Dr Jacob Malone, Project Leader, John Innes Centre
Key publications from our lab
Harrington NE, Sweeney E & Harrison F (2020) Building a better biofilm - Formation of in vivo-like biofilm structures by Pseudomonas aeruginosa in a porcine model of cystic fibrosis lung infection. Biofilm 2:100024 (From publisher, OA)
Sweeney, E, Hassan, MH, Harrington, NE, Smyth, AR, Hurley, MN, Tormao-Mas, MA & Harrison, F (2020) An ex vivo cystic fibrosis model recapitulates key clinical aspects of chronic S. aureus infection. Microbiology, AOP (From publisher; bioRxiv preprint, OA).
Davies, SK, Fearn, S, Allsopp, LP, Harrison, F, Ware, E, Diggle, SP, Filloux, A, McPhail, DS & Bundy, JG (2017) Visualizing antimicrobials in bacterial biofilms: three-dimensional biochemical imaging using TOF-SIMS. mSphere 2:e00211-17 (From publisher, OA)
Sweeney, E, Sabnis, A, Edwards, AM & Harrison, F (2020) Effect of host-mimicking medium and biofilm growth on the ability of colistin to kill P. aeruginosa. Microbiology, AOP (From publisher, OA)

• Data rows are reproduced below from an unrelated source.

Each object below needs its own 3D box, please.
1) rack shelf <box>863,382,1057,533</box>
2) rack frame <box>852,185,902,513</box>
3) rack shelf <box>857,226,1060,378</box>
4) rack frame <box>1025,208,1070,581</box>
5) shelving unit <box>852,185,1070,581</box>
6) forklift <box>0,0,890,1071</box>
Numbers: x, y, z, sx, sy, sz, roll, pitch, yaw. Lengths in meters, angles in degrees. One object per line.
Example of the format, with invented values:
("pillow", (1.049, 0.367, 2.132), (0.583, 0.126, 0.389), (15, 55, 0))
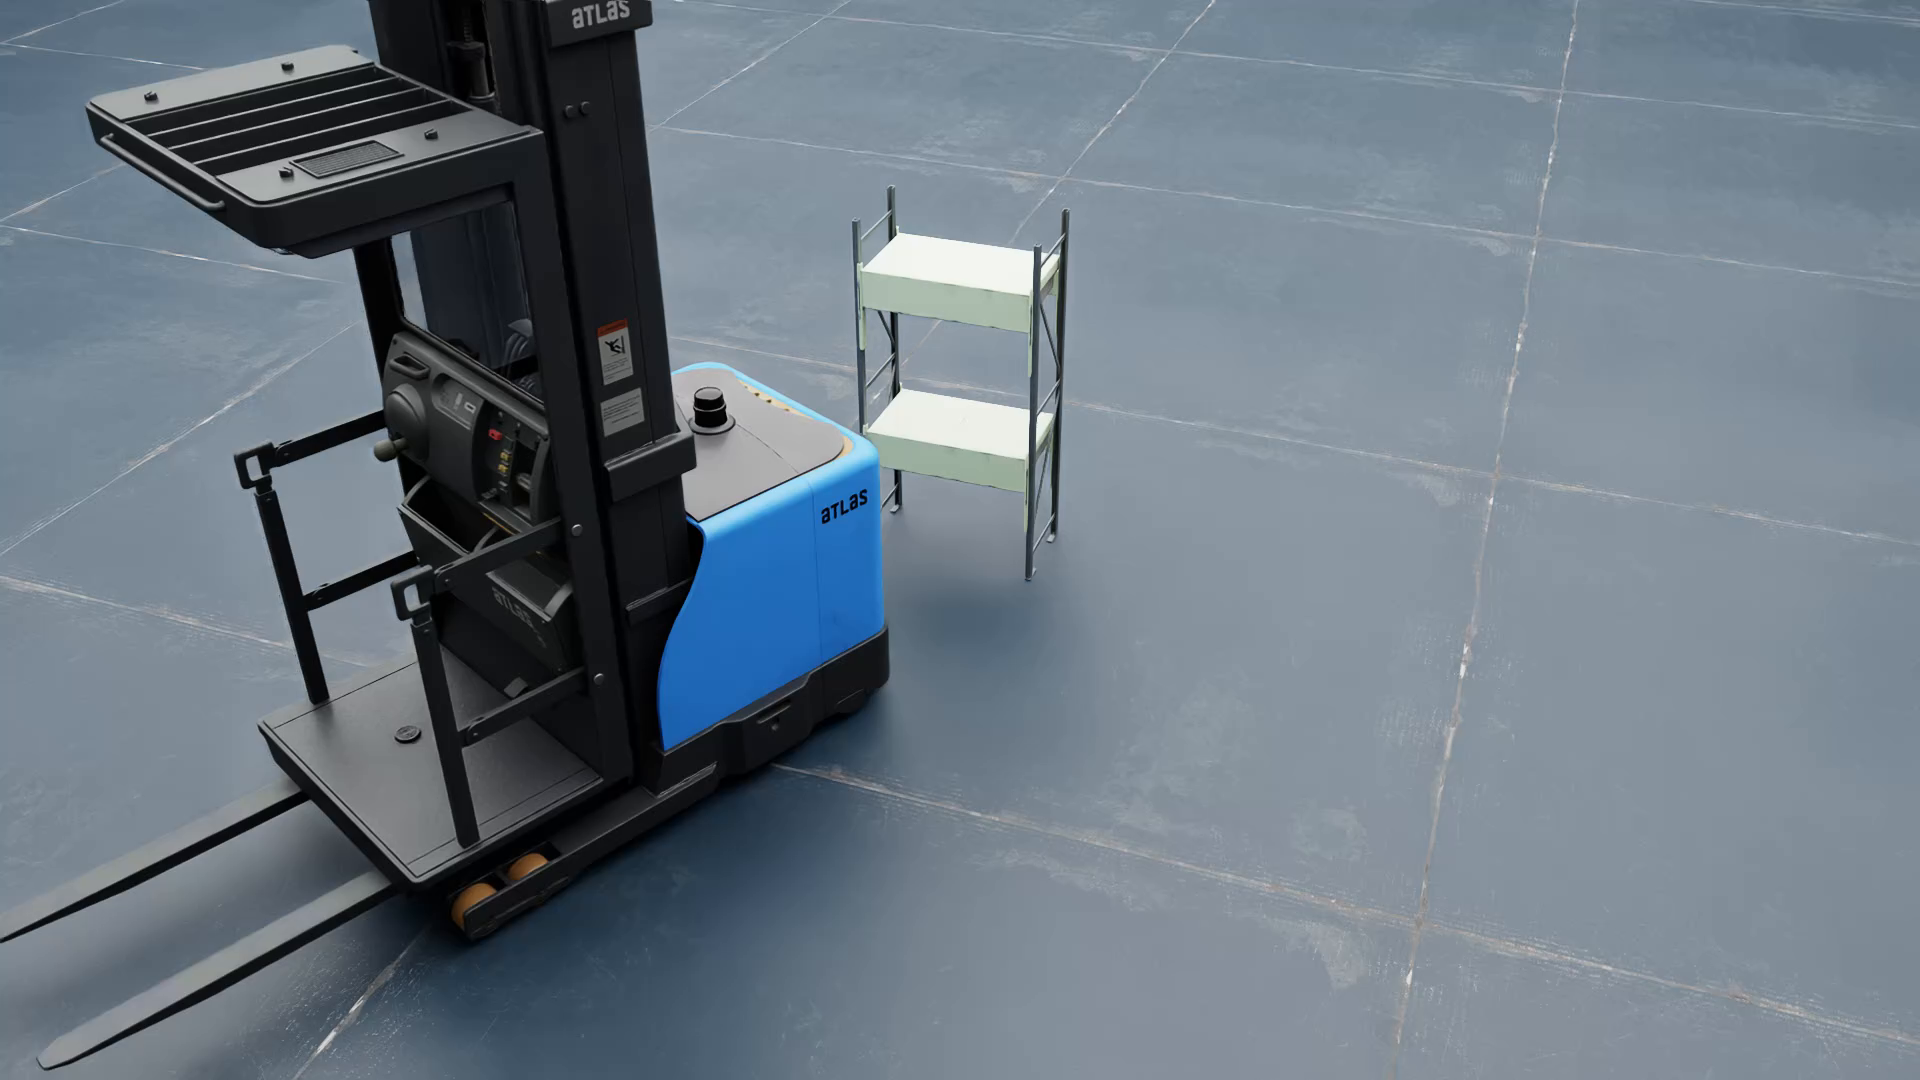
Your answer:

Collaboration highlight: ECR fellowship
Air pollution is the world’s largest single environmental health risk, causing increased chronic, infectious respiratory diseases. The ground breaking work by Dr. Julie Morrissey's interdisciplinary team at the University of Leicester has shown that exposure to air pollution has a major impact on respiratory tract bacteria. Along with new WTISSF fellow Dr Jo Purves, they are now using the ex vivo pig lung model to investigate the impact of air pollution on the colonisation of bacteria with an important role in respiratory diseases including community acquired pneumonia & chronic obstructive pulmonary disease (COPD).
Roberts, AEL et al. (2019) Anti-pseudomonad activity of manuka honey and antibiotics in a specialized ex vivo model simulating cystic fibrosis lung infection. Frontiers in Microbiology 10:869 (From publisher).
In this article, ex vivo pig bronchioles and alveolar tissue are used, along with synthetic CF sputum, to test the antibacterial efficacy of Manuka honey alone and in combination with standard antibiotics. Honey shows anti-pseudomonas potential in this model of chronic biofilm infection.